Leave out the pictures and repeat everything else in the records exactly.

#####

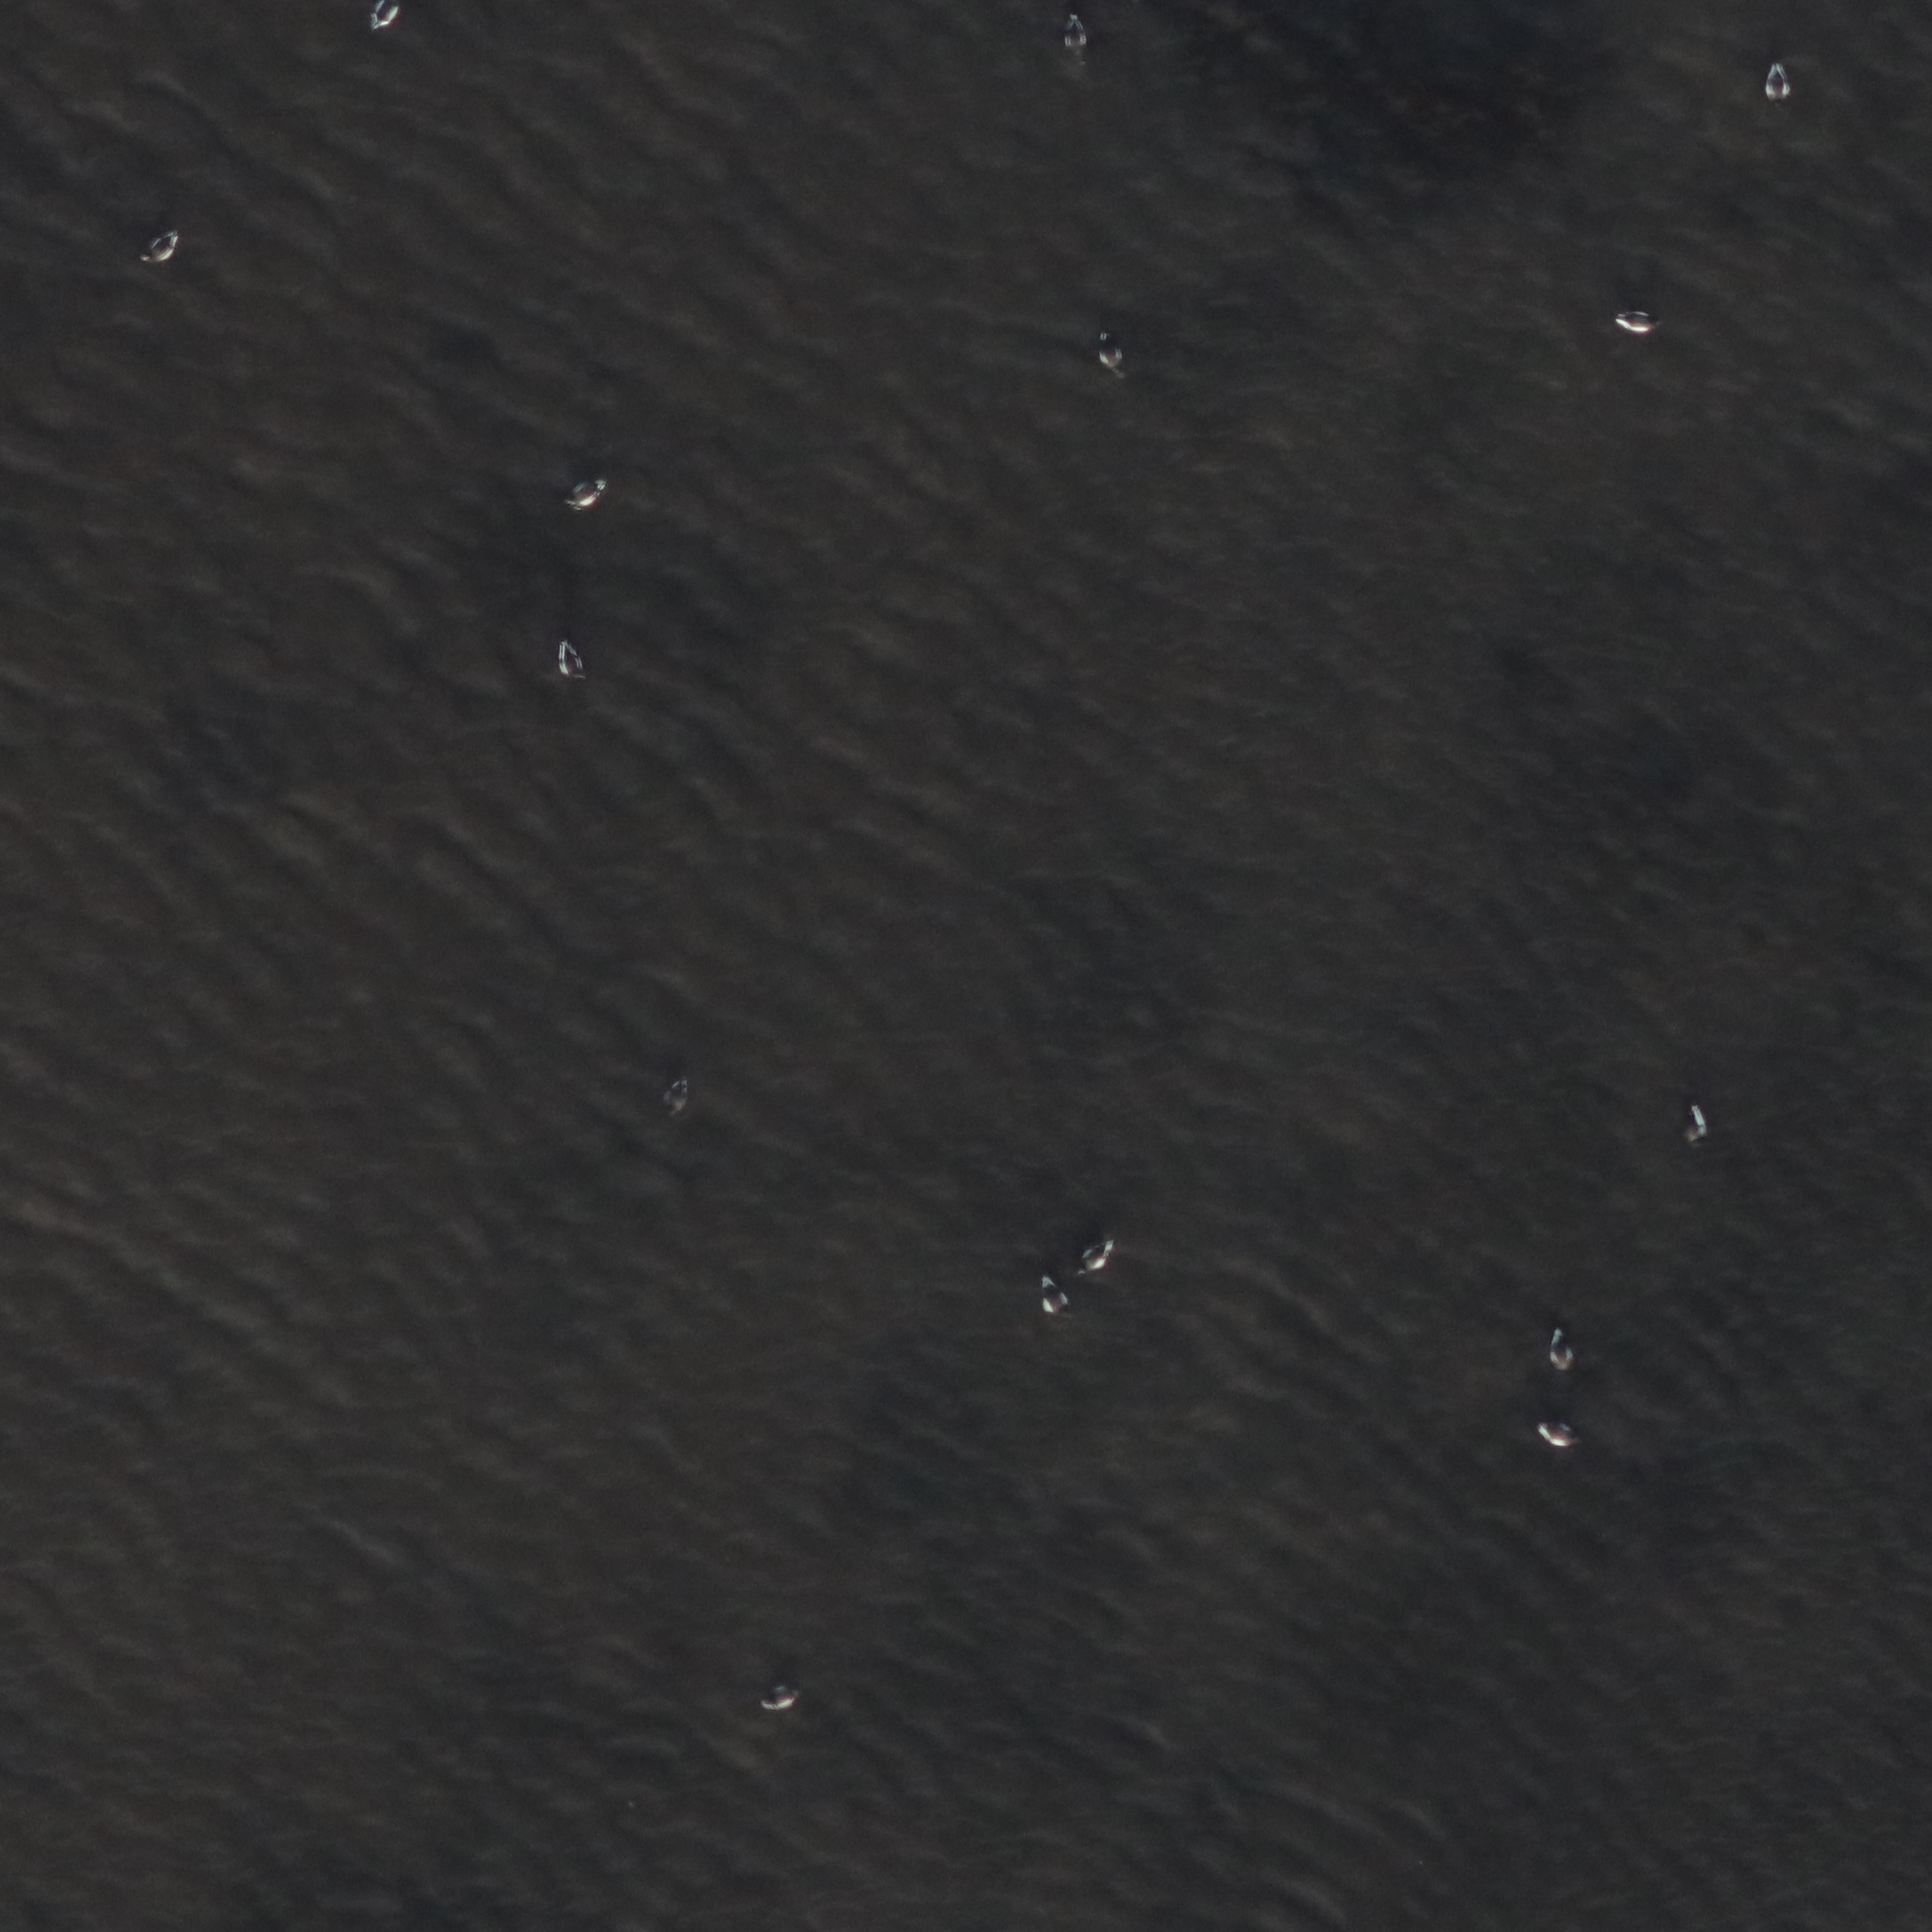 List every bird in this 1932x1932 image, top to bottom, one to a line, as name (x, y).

brant (378, 9)
brant (1077, 41)
brant (1777, 84)
brant (158, 247)
brant (1639, 322)
brant (1104, 352)
brant (584, 492)
brant (572, 661)
brant (677, 1096)
brant (1693, 1128)
brant (1092, 1256)
brant (1054, 1297)
brant (1559, 1349)
brant (1558, 1432)
brant (781, 1697)
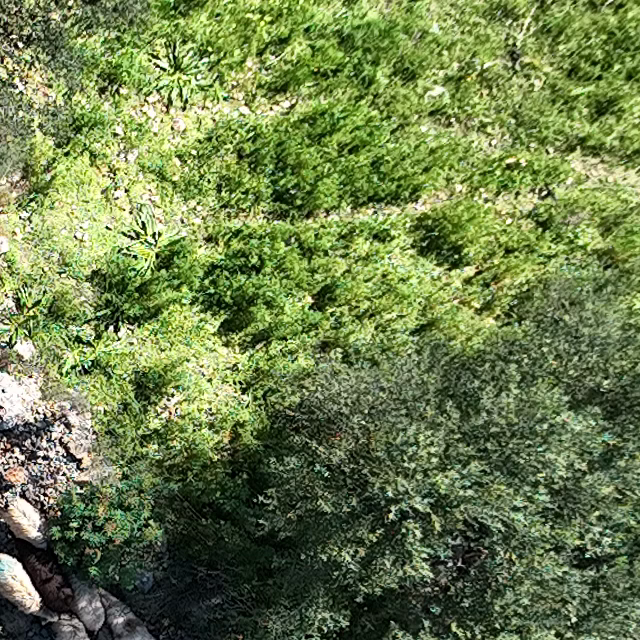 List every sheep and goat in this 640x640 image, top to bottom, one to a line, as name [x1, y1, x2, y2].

sheep [4, 497, 46, 548]
sheep [19, 553, 64, 611]
sheep [0, 554, 58, 625]
sheep [67, 571, 105, 630]
sheep [97, 588, 160, 639]
sheep [54, 614, 93, 639]
sheep [96, 628, 161, 639]

#####

(SOLUTION)
 List every bird in this 1932x1932 image, top to bottom, one to a line, as name (x, y).

brant (378, 9)
brant (1077, 41)
brant (1777, 84)
brant (158, 247)
brant (1639, 322)
brant (1104, 352)
brant (584, 492)
brant (572, 661)
brant (677, 1096)
brant (1693, 1128)
brant (1092, 1256)
brant (1054, 1297)
brant (1559, 1349)
brant (1558, 1432)
brant (781, 1697)
 List every sheep and goat in this 640x640 image, top to bottom, one to a line, as name [x1, y1, x2, y2].

sheep [4, 497, 46, 548]
sheep [19, 553, 64, 611]
sheep [0, 554, 58, 625]
sheep [67, 571, 105, 630]
sheep [97, 588, 160, 639]
sheep [54, 614, 93, 639]
sheep [96, 628, 161, 639]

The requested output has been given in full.